[Your instructions]: Your job is to set down the stretch of entries that opens with the line containing "7. S11 where" and closes with the line containing "9. S11 at 6.5 GHz (to 0.2 dB)". Keep both end lines, copy each exactly, and add nothing.

[Information provided]:
*** Block opens ***

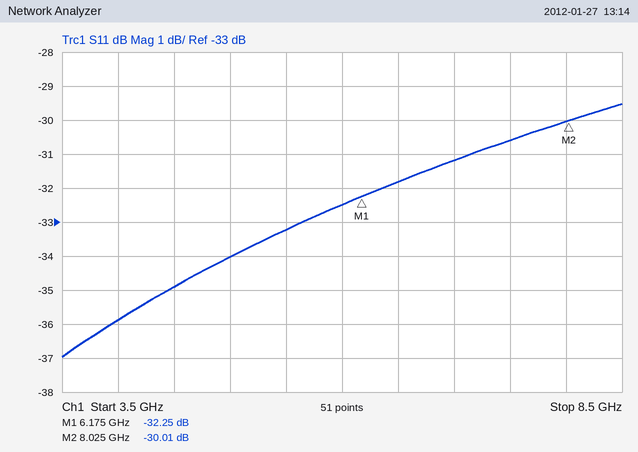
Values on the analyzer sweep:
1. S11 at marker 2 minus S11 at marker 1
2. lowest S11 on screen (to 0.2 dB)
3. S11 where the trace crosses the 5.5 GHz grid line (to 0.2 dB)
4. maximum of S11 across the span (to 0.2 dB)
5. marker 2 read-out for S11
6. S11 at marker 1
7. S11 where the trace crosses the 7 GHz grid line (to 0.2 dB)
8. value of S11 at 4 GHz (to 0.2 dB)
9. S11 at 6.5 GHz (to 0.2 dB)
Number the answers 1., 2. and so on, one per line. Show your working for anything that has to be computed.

1. -30.01 − (-32.25) = 2.24 dB
2. -37.0 dB
3. -33.2 dB
4. -29.6 dB
5. -30.01 dB
6. -32.25 dB
7. -31.2 dB
8. -35.8 dB
9. -31.8 dB
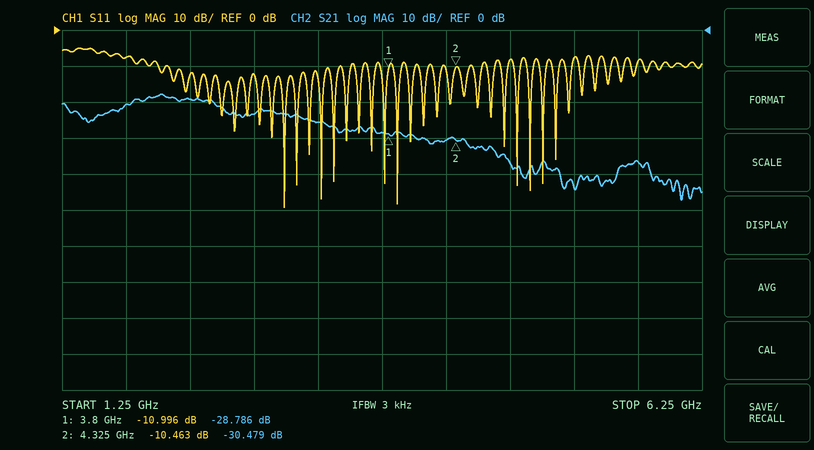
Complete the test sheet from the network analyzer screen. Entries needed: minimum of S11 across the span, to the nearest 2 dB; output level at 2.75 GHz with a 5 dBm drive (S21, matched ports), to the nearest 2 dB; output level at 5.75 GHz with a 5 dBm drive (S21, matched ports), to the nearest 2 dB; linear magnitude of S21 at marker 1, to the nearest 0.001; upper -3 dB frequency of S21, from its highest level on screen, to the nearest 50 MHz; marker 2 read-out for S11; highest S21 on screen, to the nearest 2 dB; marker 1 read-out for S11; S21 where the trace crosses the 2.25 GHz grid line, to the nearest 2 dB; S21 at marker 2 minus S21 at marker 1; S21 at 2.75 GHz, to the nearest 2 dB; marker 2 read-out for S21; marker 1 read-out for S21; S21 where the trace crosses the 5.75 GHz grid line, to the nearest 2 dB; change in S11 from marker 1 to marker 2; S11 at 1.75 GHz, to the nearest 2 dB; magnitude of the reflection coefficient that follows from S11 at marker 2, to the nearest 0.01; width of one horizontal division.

-50 dB
-18 dBm
-32 dBm
0.036
2.45 GHz
-10.463 dB
-18 dB
-10.996 dB
-20 dB
-1.693 dB
-24 dB
-30.479 dB
-28.786 dB
-36 dB
0.533 dB
-8 dB
0.30
500 MHz
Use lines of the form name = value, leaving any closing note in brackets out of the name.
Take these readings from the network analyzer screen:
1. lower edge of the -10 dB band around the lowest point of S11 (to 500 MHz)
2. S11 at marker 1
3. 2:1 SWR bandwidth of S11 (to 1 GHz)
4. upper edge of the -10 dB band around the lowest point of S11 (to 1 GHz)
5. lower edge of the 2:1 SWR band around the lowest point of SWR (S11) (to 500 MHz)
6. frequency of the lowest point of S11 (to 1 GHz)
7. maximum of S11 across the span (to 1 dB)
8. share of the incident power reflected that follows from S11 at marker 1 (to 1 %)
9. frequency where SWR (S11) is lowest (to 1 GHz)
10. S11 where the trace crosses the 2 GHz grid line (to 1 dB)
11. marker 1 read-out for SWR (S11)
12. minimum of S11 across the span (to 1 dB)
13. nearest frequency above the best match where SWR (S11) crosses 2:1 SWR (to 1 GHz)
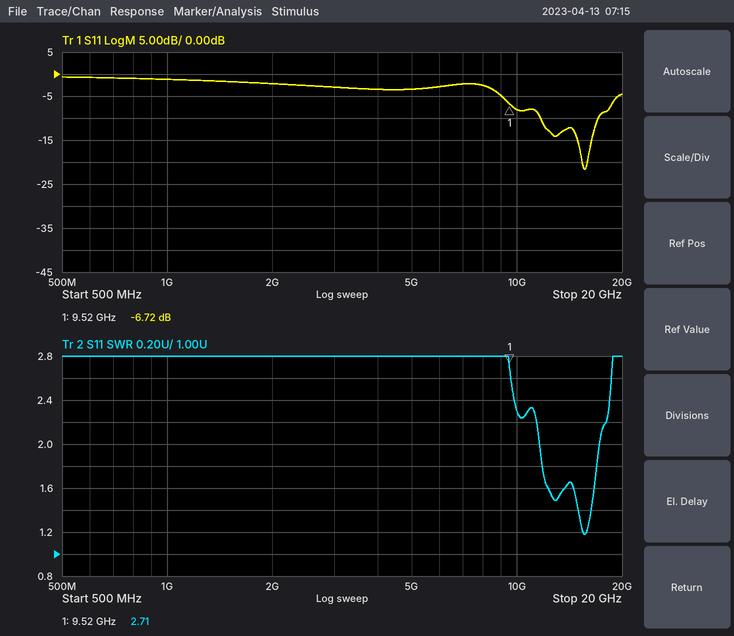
lower edge of the -10 dB band around the lowest point of S11 = 11.5 GHz
S11 at marker 1 = -6.72 dB
2:1 SWR bandwidth of S11 = 6 GHz
upper edge of the -10 dB band around the lowest point of S11 = 17 GHz
lower edge of the 2:1 SWR band around the lowest point of SWR (S11) = 11.5 GHz
frequency of the lowest point of S11 = 16 GHz
maximum of S11 across the span = -1 dB
share of the incident power reflected that follows from S11 at marker 1 = 21 %
frequency where SWR (S11) is lowest = 16 GHz
S11 where the trace crosses the 2 GHz grid line = -2 dB
marker 1 read-out for SWR = 2.71
minimum of S11 across the span = -22 dB
nearest frequency above the best match where SWR (S11) crosses 2:1 SWR = 17 GHz

*** Block closes ***

[Your solution]:
7. S11 where the trace crosses the 7 GHz grid line (to 0.2 dB)
8. value of S11 at 4 GHz (to 0.2 dB)
9. S11 at 6.5 GHz (to 0.2 dB)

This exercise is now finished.